**Given data**
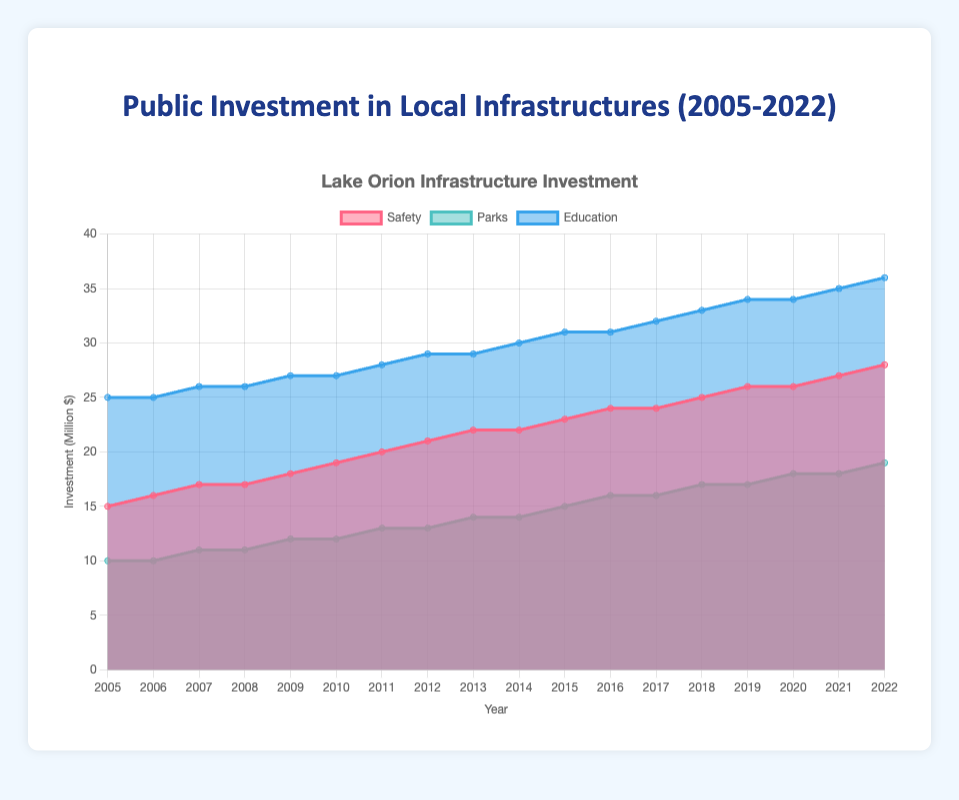What's the overall trend in public investment from 2005 to 2022? The figure shows an increasing trend in total public investment over time. Starting from 50 million in 2005, it gradually rises to 83 million in 2022. The investment amount increases consistently each year.
Answer: Increasing How does the investment in parks change from 2005 to 2022? The investment in parks remains static at 10 million dollars in 2005 and 2006, then starts to increase slowly each year, reaching 19 million dollars in 2022.
Answer: Gradually increases Which infrastructure category has the highest investment in 2022? By looking at the 2022 data points, the investment in education is at 36 million dollars, which is higher than parks (19 million) and safety (28 million).
Answer: Education By how much did the total investment grow from 2010 to 2022? The total investment in 2010 was 58 million dollars, which increased to 83 million dollars in 2022. The growth is calculated as 83 - 58 = 25 million dollars.
Answer: 25 million dollars Compare the growth trends between safety and education investments from 2005 to 2022. The safety investment starts at 15 million dollars in 2005 and reaches 28 million dollars in 2022, while the education investment starts at 25 million dollars in 2005 and reaches 36 million dollars in 2022. Both categories show a steady increase, but education remains consistently higher.
Answer: Both increase, education remains higher What is the proportion of the total investment allocated to parks in 2022? In 2022, the investment in parks is 19 million dollars out of a total investment of 83 million dollars. The proportion is (19 / 83) * 100 ≈ 22.89%.
Answer: Approximately 22.89% Is there any year where the investment in education remained constant from the previous year? From the data plot, the investment in education remained constant in 2006 and 2007 (both 25 million), and between 2008 and 2009 (both 26 million).
Answer: 2006 and 2008 How significant is the increase in investment in safety between 2011 and 2021? The investment in safety was 20 million dollars in 2011 and increased to 27 million dollars in 2021. The increase is 27 - 20 = 7 million dollars.
Answer: 7 million dollars What unique insight can you gather about the investment in parks relative to the total investment over the years? When considering the trend for parks, the investment grows but at a slower pace compared to the total investment. While the total investment increases significantly, parks' investment sees a moderate rise, suggesting a relatively smaller allocation proportion over time.
Answer: Moderate rise compare to bigger total investment growth 
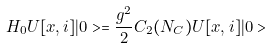Convert formula to latex. <formula><loc_0><loc_0><loc_500><loc_500>H _ { 0 } U [ x , i ] | 0 > = \frac { g ^ { 2 } } { 2 } C _ { 2 } ( N _ { C } ) U [ x , i ] | 0 ></formula> 
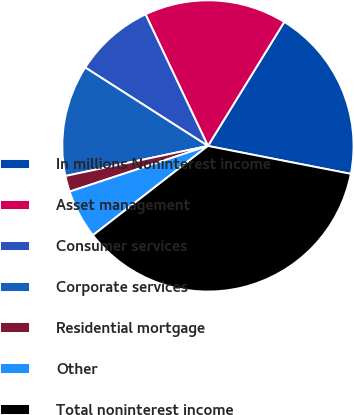<chart> <loc_0><loc_0><loc_500><loc_500><pie_chart><fcel>In millions Noninterest income<fcel>Asset management<fcel>Consumer services<fcel>Corporate services<fcel>Residential mortgage<fcel>Other<fcel>Total noninterest income<nl><fcel>19.29%<fcel>15.83%<fcel>8.9%<fcel>12.36%<fcel>1.77%<fcel>5.43%<fcel>36.42%<nl></chart> 
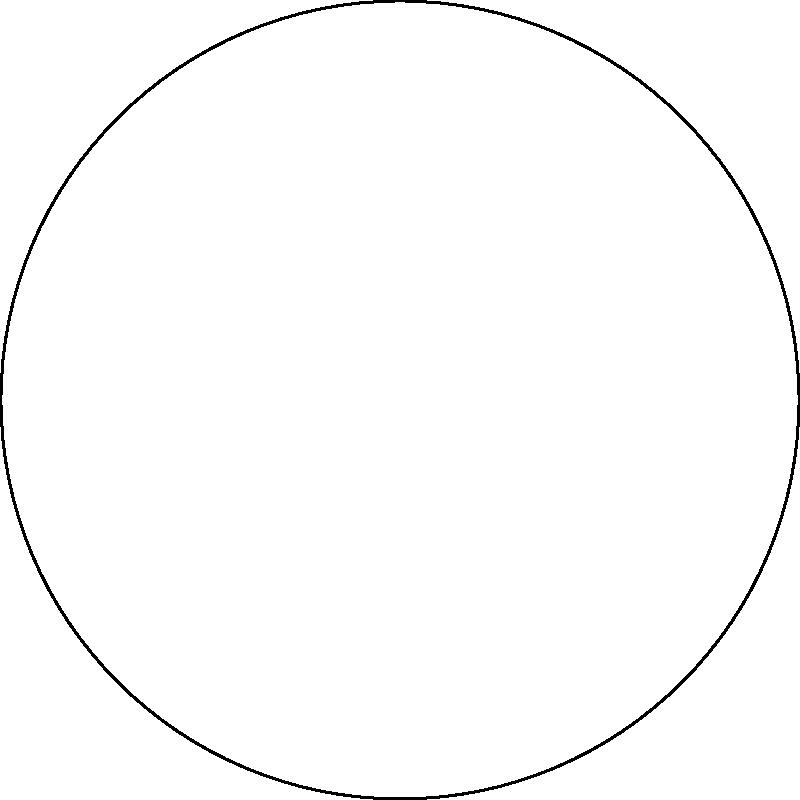At an Angelina Mango concert, a circular stage is designed with a sector cut out for the audience to get closer. The stage has a radius of 10 meters, and the sector removed spans an angle of 60°. What is the area of the remaining stage in square meters? Round your answer to two decimal places. Let's solve this step-by-step:

1) First, we need to calculate the area of the full circle:
   $$A_{circle} = \pi r^2 = \pi \cdot 10^2 = 100\pi \text{ m}^2$$

2) Next, we calculate the area of the sector that was removed:
   The sector angle is 60°, which is $\frac{60}{360} = \frac{1}{6}$ of the full circle.
   $$A_{sector} = \frac{1}{6} \cdot 100\pi = \frac{50\pi}{3} \text{ m}^2$$

3) The area of the remaining stage is the difference between these two:
   $$A_{stage} = A_{circle} - A_{sector} = 100\pi - \frac{50\pi}{3} = \frac{250\pi}{3} \text{ m}^2$$

4) Now we need to calculate this and round to two decimal places:
   $$\frac{250\pi}{3} \approx 261.80 \text{ m}^2$$

Therefore, the area of the remaining stage is approximately 261.80 square meters.
Answer: 261.80 m² 
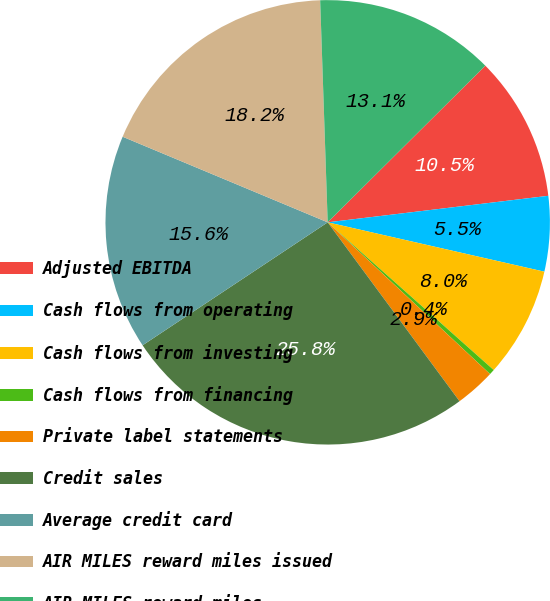Convert chart to OTSL. <chart><loc_0><loc_0><loc_500><loc_500><pie_chart><fcel>Adjusted EBITDA<fcel>Cash flows from operating<fcel>Cash flows from investing<fcel>Cash flows from financing<fcel>Private label statements<fcel>Credit sales<fcel>Average credit card<fcel>AIR MILES reward miles issued<fcel>AIR MILES reward miles<nl><fcel>10.55%<fcel>5.47%<fcel>8.01%<fcel>0.39%<fcel>2.93%<fcel>25.78%<fcel>15.63%<fcel>18.17%<fcel>13.09%<nl></chart> 
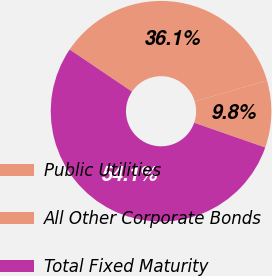<chart> <loc_0><loc_0><loc_500><loc_500><pie_chart><fcel>Public Utilities<fcel>All Other Corporate Bonds<fcel>Total Fixed Maturity<nl><fcel>9.82%<fcel>36.06%<fcel>54.12%<nl></chart>

**Problem**
What is needed is a word-for-word copy of the lines from the start of the data to the line with "Answer: Education By", inclusive, with no pictures in it.

**Response for this exercise**
What's the overall trend in public investment from 2005 to 2022? The figure shows an increasing trend in total public investment over time. Starting from 50 million in 2005, it gradually rises to 83 million in 2022. The investment amount increases consistently each year.
Answer: Increasing How does the investment in parks change from 2005 to 2022? The investment in parks remains static at 10 million dollars in 2005 and 2006, then starts to increase slowly each year, reaching 19 million dollars in 2022.
Answer: Gradually increases Which infrastructure category has the highest investment in 2022? By looking at the 2022 data points, the investment in education is at 36 million dollars, which is higher than parks (19 million) and safety (28 million).
Answer: Education By how much did the total investment grow from 2010 to 2022? The total investment in 2010 was 58 million dollars, which increased to 83 million dollars in 2022. The growth is calculated as 83 - 58 = 25 million dollars.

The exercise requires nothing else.